● **About this task**:
After locating the line that contains "Input: the image and the object list below." in the data below, set down exactly that line and each one after it through the line that contains "tissue pack [26,174,399,426]", and nothing more.

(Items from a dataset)
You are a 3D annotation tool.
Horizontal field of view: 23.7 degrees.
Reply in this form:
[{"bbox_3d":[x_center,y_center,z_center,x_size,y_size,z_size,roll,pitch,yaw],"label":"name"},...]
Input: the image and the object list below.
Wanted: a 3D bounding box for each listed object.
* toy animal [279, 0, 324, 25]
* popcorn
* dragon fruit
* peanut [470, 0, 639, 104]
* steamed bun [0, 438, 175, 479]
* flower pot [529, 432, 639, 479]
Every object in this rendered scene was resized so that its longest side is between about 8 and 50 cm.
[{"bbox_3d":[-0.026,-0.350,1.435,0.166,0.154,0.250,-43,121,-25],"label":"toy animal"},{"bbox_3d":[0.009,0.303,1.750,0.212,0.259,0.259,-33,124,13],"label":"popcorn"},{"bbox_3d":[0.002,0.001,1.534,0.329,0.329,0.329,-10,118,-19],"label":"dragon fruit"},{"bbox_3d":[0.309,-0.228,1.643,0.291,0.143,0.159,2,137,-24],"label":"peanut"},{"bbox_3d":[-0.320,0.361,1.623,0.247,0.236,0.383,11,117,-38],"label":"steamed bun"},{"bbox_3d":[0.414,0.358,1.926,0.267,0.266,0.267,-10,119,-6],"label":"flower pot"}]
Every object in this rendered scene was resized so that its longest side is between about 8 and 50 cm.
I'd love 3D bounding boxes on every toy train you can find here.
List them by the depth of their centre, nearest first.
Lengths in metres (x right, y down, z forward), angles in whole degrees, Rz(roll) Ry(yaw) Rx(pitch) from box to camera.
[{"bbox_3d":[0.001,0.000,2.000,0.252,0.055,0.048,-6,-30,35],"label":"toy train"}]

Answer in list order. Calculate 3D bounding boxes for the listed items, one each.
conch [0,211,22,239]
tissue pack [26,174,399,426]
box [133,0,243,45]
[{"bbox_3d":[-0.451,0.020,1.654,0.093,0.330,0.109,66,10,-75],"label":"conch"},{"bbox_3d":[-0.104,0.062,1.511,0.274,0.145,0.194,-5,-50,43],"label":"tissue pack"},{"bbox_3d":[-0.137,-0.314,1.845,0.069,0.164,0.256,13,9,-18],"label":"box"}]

● **Problem solution**:
Input: the image and the object list below.
Wanted: a 3D bounding box for each listed object.
* toy animal [279, 0, 324, 25]
* popcorn
* dragon fruit
* peanut [470, 0, 639, 104]
* steamed bun [0, 438, 175, 479]
* flower pot [529, 432, 639, 479]
Every object in this rendered scene was resized so that its longest side is between about 8 and 50 cm.
[{"bbox_3d":[-0.026,-0.350,1.435,0.166,0.154,0.250,-43,121,-25],"label":"toy animal"},{"bbox_3d":[0.009,0.303,1.750,0.212,0.259,0.259,-33,124,13],"label":"popcorn"},{"bbox_3d":[0.002,0.001,1.534,0.329,0.329,0.329,-10,118,-19],"label":"dragon fruit"},{"bbox_3d":[0.309,-0.228,1.643,0.291,0.143,0.159,2,137,-24],"label":"peanut"},{"bbox_3d":[-0.320,0.361,1.623,0.247,0.236,0.383,11,117,-38],"label":"steamed bun"},{"bbox_3d":[0.414,0.358,1.926,0.267,0.266,0.267,-10,119,-6],"label":"flower pot"}]
Every object in this rendered scene was resized so that its longest side is between about 8 and 50 cm.
I'd love 3D bounding boxes on every toy train you can find here.
List them by the depth of their centre, nearest first.
Lengths in metres (x right, y down, z forward), angles in whole degrees, Rz(roll) Ry(yaw) Rx(pitch) from box to camera.
[{"bbox_3d":[0.001,0.000,2.000,0.252,0.055,0.048,-6,-30,35],"label":"toy train"}]

Answer in list order. Calculate 3D bounding boxes for the listed items, one each.
conch [0,211,22,239]
tissue pack [26,174,399,426]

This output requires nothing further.